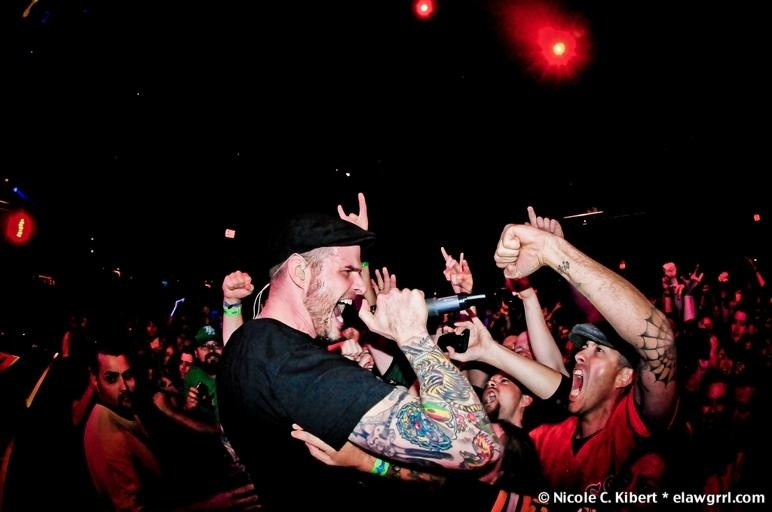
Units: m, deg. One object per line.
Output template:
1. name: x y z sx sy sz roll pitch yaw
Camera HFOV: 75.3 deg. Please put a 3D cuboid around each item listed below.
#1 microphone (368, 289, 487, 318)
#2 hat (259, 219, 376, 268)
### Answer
1. microphone: 0.414 0.409 4.304 0.965 0.191 0.189 -5 -2 -28
2. hat: -0.652 -0.164 4.246 0.664 0.243 0.470 -17 5 -5
⁂
The answer is the run of lines that starts at the one containing "1. name: x y z sx sy sz roll pitch yaw" and ends at the last line of the material, reproduced exactly.

## Answer to this problem
1. name: x y z sx sy sz roll pitch yaw
Camera HFOV: 75.3 deg. Please put a 3D cuboid around each item listed below.
#1 microphone (368, 289, 487, 318)
#2 hat (259, 219, 376, 268)
### Answer
1. microphone: 0.414 0.409 4.304 0.965 0.191 0.189 -5 -2 -28
2. hat: -0.652 -0.164 4.246 0.664 0.243 0.470 -17 5 -5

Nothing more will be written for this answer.